= Semantics (psychology) =

Study of how the mind stores meaning

Semantics within psychology is the study of how meaning is stored in the mind.

==Semantic memory==

Semantic memory is a type of long-term declarative memory that refers to facts or ideas which are not immediately drawn from personal experience. It was first theorized in 1972 by W. Donaldson and Endel Tulving. Tulving employs the word semantic to describe a system of memory that involves “words and verbal symbols, their meanings and referents, the relations between them, and the rules, formulas, or algorithms for influencing them”.

In psychology, semantic memory is memory for meaning – in other words, the aspect of memory that preserves only the gist, the general significance, of remembered experience – while episodic memory is memory for the ephemeral details – the individual features, or the unique particulars of experience. The term 'episodic memory' was introduced by Tulving and Schacter in the context of 'declarative memory' which involved simple association of factual or objective information concerning its object. Word meaning is measured by the company they keep, i.e. the relationships among words themselves in a semantic network. The memories may be transferred intergenerationally or isolated in one generation due to a cultural disruption. Different generations may have different experiences at similar points in their own time-lines.

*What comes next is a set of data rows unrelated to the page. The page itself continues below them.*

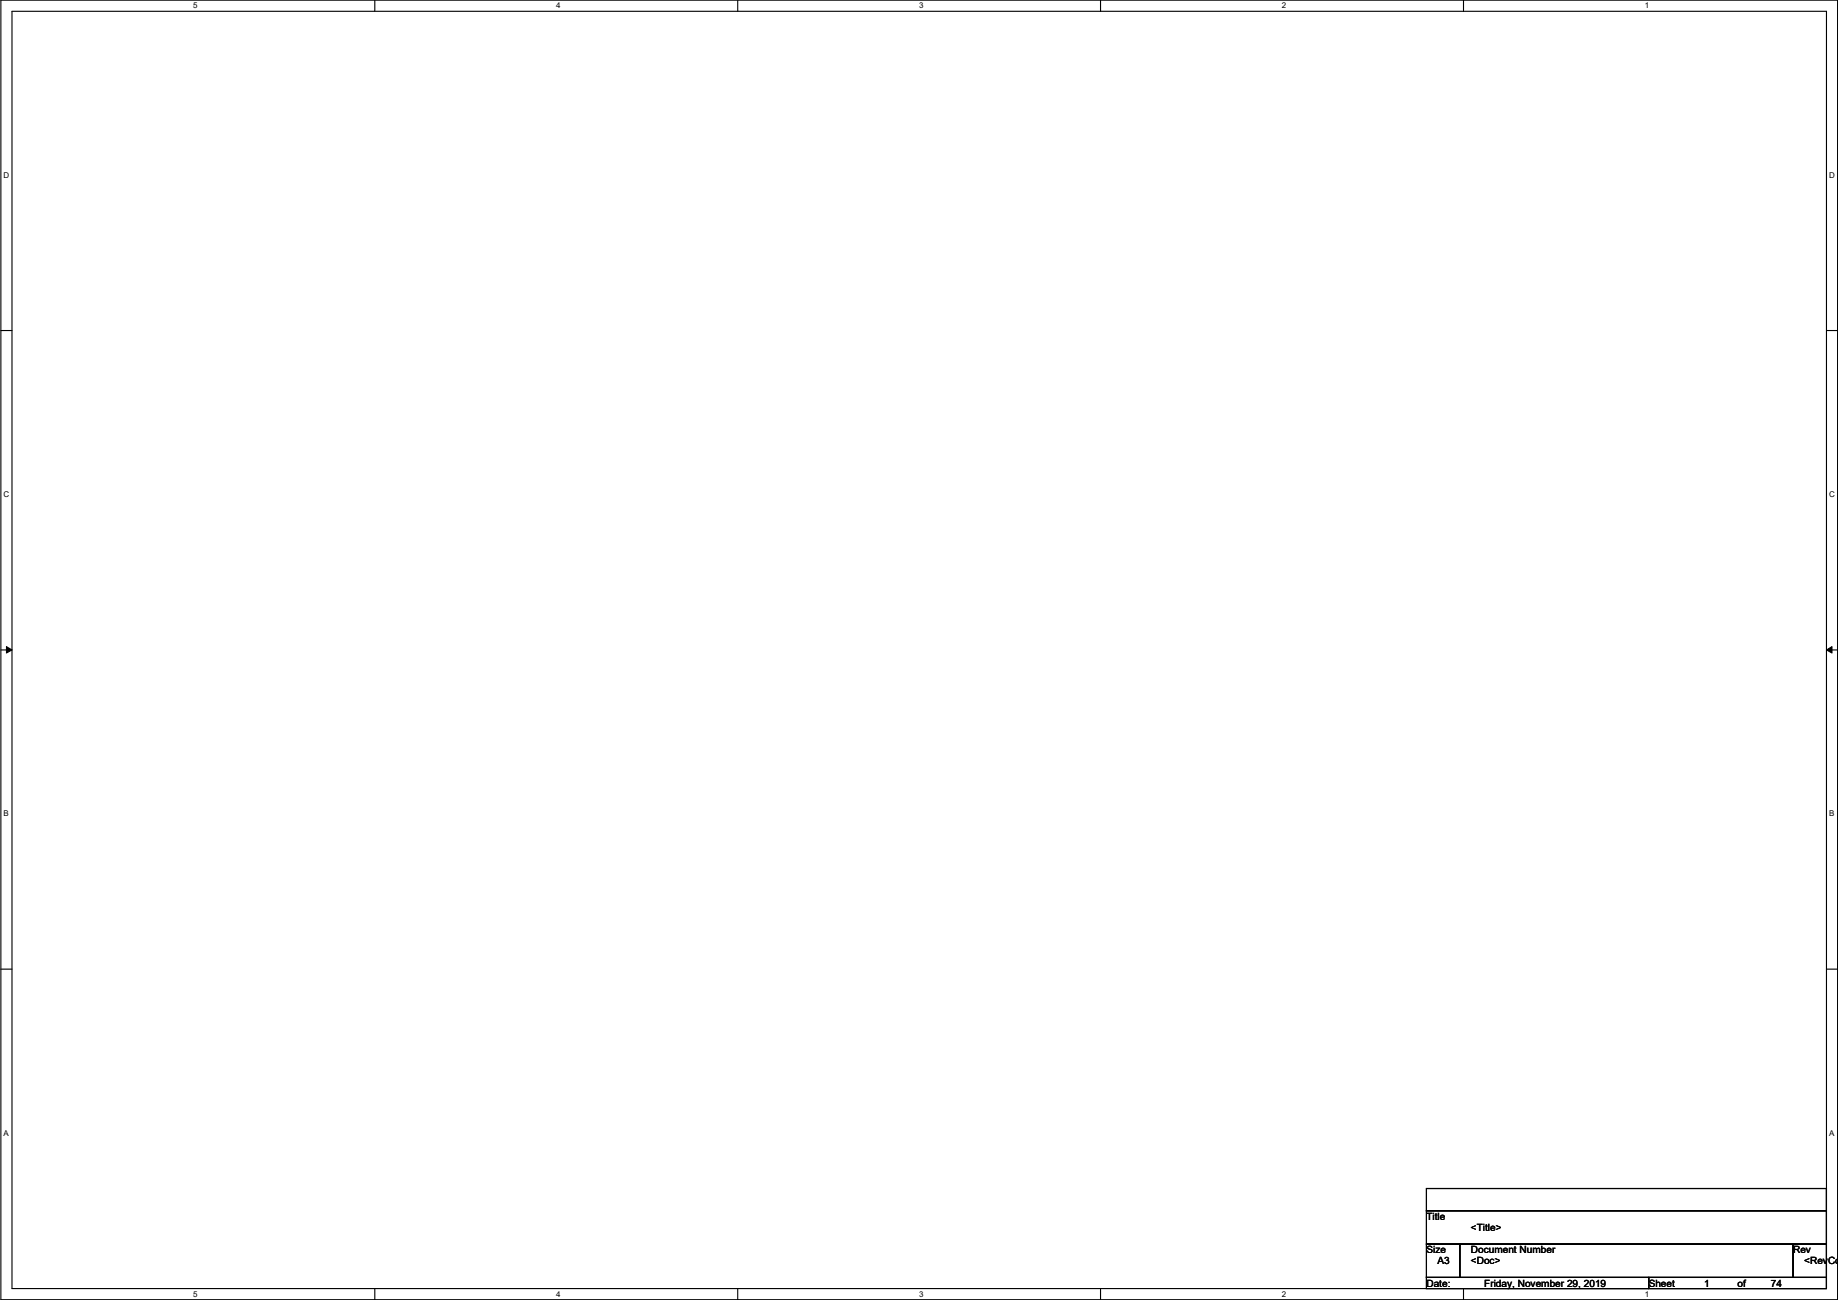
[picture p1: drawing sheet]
<svg xmlns="http://www.w3.org/2000/svg" width="420mm" height="297mm" viewBox="0 0 420 297" stroke-linecap="round" stroke-linejoin="round" font-family="sans-serif">
<defs><g id="words">
<g font-size="2.3">
<text x="326.1" y="278.7">Title</text>
<text x="336.2" y="281.3">&lt;Title&gt;</text>
<text x="326.1" y="286.3">Size</text>
<text x="336.2" y="286.3">Document Number</text>
<text x="409.9" y="286.3">Rev</text>
<text x="326.1" y="294">Date:</text>
<text x="328.6" y="288.9">A3</text>
<text x="336.2" y="288.9">&lt;Doc&gt;</text>
<text x="339.3" y="294">Friday, November 29, 2019</text>
<text x="376.9" y="294">Sheet</text>
<text x="389.6" y="294">1</text>
<text x="397.2" y="294">of</text>
<text x="404.8" y="294">74</text>
<text x="412.4" y="288.9">&lt;RevCod</text>
</g>
<g font-size="1.8">
<text x="44.2" y="1.9">5</text>
<text x="127.1" y="1.9">4</text>
<text x="210.1" y="1.9">3</text>
<text x="293" y="1.9">2</text>
<text x="376" y="1.9">1</text>
<text x=".8" y="40.6">D</text>
<text x="418.2" y="40.6">D</text>
<text x=".8" y="113.6">C</text>
<text x="418.2" y="113.6">C</text>
<text x=".8" y="186.6">B</text>
<text x="418.2" y="186.6">B</text>
<text x=".8" y="259.5">A</text>
<text x="418.2" y="259.5">A</text>
<text x="44.2" y="296.3">5</text>
<text x="127.1" y="296.3">4</text>
<text x="210.1" y="296.3">3</text>
<text x="293" y="296.3">2</text>
<text x="376" y="296.3">1</text>
</g>
</g></defs>
<path d="M.2 0h419.9v297h-419.9zM2.7 2.6h414.8v291.8h-414.8z" fill="none" stroke="#000" stroke-width=".25"/>
<g fill="#fff">
<path d="M44.2 .3h1v2h-1z"/>
<path d="M44.2 294.7h1v2h-1z"/>
</g>
<path d="M85.7 0v2.6M85.7 294.4v2.6" fill="none" stroke="#000" stroke-width=".25"/>
<g fill="#fff">
<path d="M127.1 .3h1v2h-1z"/>
<path d="M127.1 294.7h1v2h-1z"/>
</g>
<path d="M168.6 0v2.6M168.6 294.4v2.6" fill="none" stroke="#000" stroke-width=".25"/>
<g fill="#fff">
<path d="M210.1 .3h1v2h-1z"/>
<path d="M210.1 294.7h1v2h-1z"/>
</g>
<path d="M251.6 0v2.6M251.6 294.4v2.6" fill="none" stroke="#000" stroke-width=".25"/>
<g fill="#fff">
<path d="M293 .3h1v2h-1z"/>
<path d="M293 294.7h1v2h-1z"/>
</g>
<path d="M334.5 0v2.6M334.5 294.4v2.6" fill="none" stroke="#000" stroke-width=".25"/>
<g fill="#fff">
<path d="M376 .3h1v2h-1z"/>
<path d="M376 294.7h1v2h-1z"/>
<path d="M.8 39h1.3v2h-1.3z"/>
<path d="M418.2 39h1.2v2h-1.2z"/>
<path d="M.8 112h1.3v2h-1.3z"/>
<path d="M418.2 112h1.2v2h-1.2z"/>
</g>
<path d="M.2 75.5h2.5M417.5 75.5h2.6" fill="none" stroke="#000" stroke-width=".25"/>
<g fill="#fff">
<path d="M.8 185h1.2v1.9h-1.2z"/>
<path d="M418.2 185h1.1v1.9h-1.1z"/>
</g>
<path d="M.2 148.5h2.5M417.5 148.5h2.6" fill="none" stroke="#000" stroke-width=".25"/>
<path d="M1.5 147.7l1.2 .8-1.2 .7zM417.5 148.5l1.3-.8v1.5z" fill="#000"/>
<path d="M1.5 147.7l1.2 .8-1.2 .7zM417.5 148.5l1.3-.8v1.5z" fill="none" stroke="#000" stroke-width=".23"/>
<g fill="#fff">
<path d="M.8 257.9h1.2v2h-1.2z"/>
<path d="M418.2 257.9h1.1v2h-1.1z"/>
</g>
<path d="M.2 221.4h2.5M417.5 221.4h2.6M326.1 271.6h91.4v5h-91.4zM326.1 276.6h91.4v7.7h-91.4zM326.1 284.3h7.6v7.6h-7.6zM326.1 291.9h50.8v2.5h-50.8zM333.7 284.3h76.2v7.6h-76.2zM376.9 291.9h40.6v2.5h-40.6zM409.9 284.3h7.6v7.6h-7.6z" fill="none" stroke="#000" stroke-width=".25"/>
<use href="#words"/>
</svg>
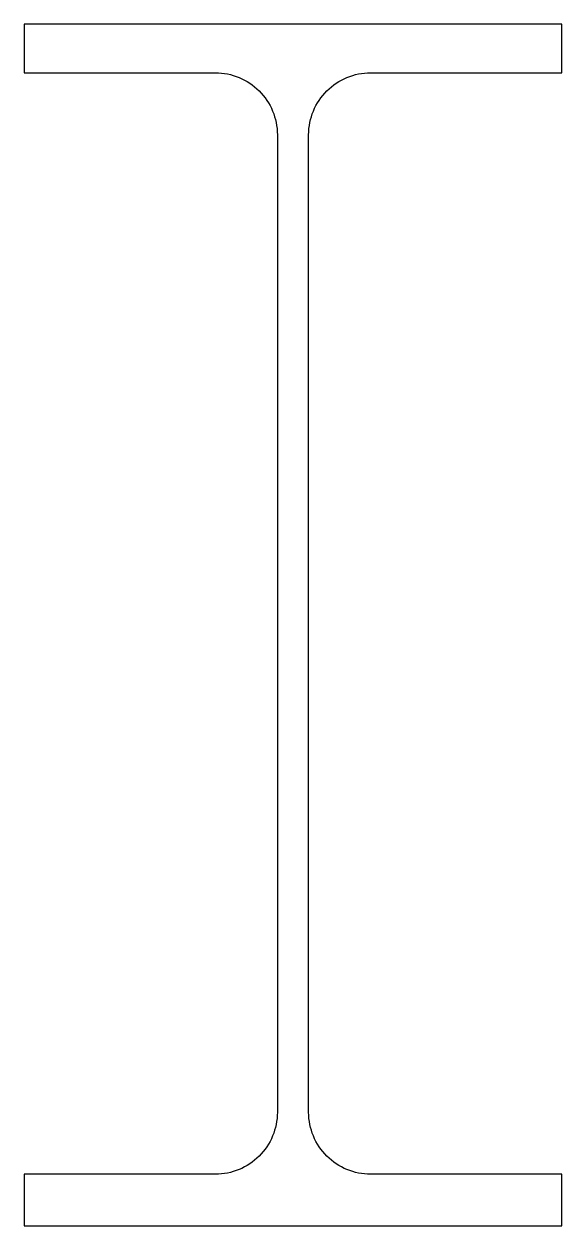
# Model space of a CAD drawing. Header units: millimetres. Extents: x 0 to 182, y 0 to 407.
import ezdxf

# ---------------------------------------------------------------- set-up
doc = ezdxf.new("R2010")
doc.units = ezdxf.units.MM
doc.layers.add('Profile', color=7, linetype='Continuous')

msp = doc.modelspace()

# ---------------------------------------------------------------- linework, layer by layer
at = {"layer": 'Profile'}
msp.add_lwpolyline([(0, 0), (182, 0), (182, 17.5), (117.3, 17.5, -0.414214), (96.3, 38.5), (96.3, 369.5, -0.414214), (117.3, 390.5), (182, 390.5), (182, 407), (0, 407), (0, 390.5), (64.7, 390.5, -0.414214), (85.7, 369.5), (85.7, 38.5, -0.414214), (64.7, 17.5), (0, 17.5)], format="xyb", close=True, dxfattribs=at)

doc.saveas('drawing.dxf')

This may then create a vertically heterogeneous semantic net for certain words in an otherwise homogeneous culture. In a network created by people analyzing their understanding of the word (such as Wordnet) the links and decomposition structures of the network are few in number and kind, and include part of, kind of, and similar links. In automated ontologies the links are computed vectors without explicit meaning. Various automated technologies are being developed to compute the meaning of words: latent semantic indexing and support vector machines as well as natural language processing, artificial neural networks and predicate calculus techniques.
==Connection to Synesthesia==

Synesthesia simply put is when a person experiences more than one sense simultaneously (i.e., sensory crossovers). The subject is affected by stimuli in their environment while the brain associates it with an un-related sense

Some forms of synesthesia result from the development of a person’s semantic memory. Knowledge the person has acquired acts as a trigger for synesthesia associations. Semantic memory built on the learnings from childhood may facilitate synesthesia. Being taught letters, numbers, and time appear to be common triggers for synesthesia as these are typically the first abstract teachings encountered.

Memorization of letters, numbers and time units lend themselves to being easily manipulated mentally during the learning process. These concepts can be linked to tangible stimuli the child has in their environment, which could allow them to recollect concepts more quickly, accurately or more easily make cross-references between them.

As such, synesthesia could be deemed helpful to mental operations that assist with acquiring semantic memory of abstract concepts by allowing for abstract concepts to be associated with concrete concepts. Examples can be associating certain emotions with a smell or sound, or musical notes with colors

==Ideasthesia==
Ideasthesia is a psychological phenomenon in which activation of concepts evokes sensory experiences. Synesthetic experiences resulting despite lack of physical stimuli are mind-depednent or mind-driven higher synesthesia are considered ideasthesia.

The relationship between graphemes and colors, also known as grapheme-color synesthesia, is a typical example of ideasthesia. Here, the alphabet's letters are connected to vibrant color experiences. According to studies, the extracted meaning of a stimulus determines the context-dependent perception of color. For instance, depending on the context in which it is presented, an ambiguous stimulus '5' that can be read as either 'S' or '5' will have the color associated with either 'S' or '5'. If it is provided with other numbers, it will be read as "5" and associated with the respective color. If it is presented between letters, it will be recognized as a "S" and associated with the respective synesthetic color.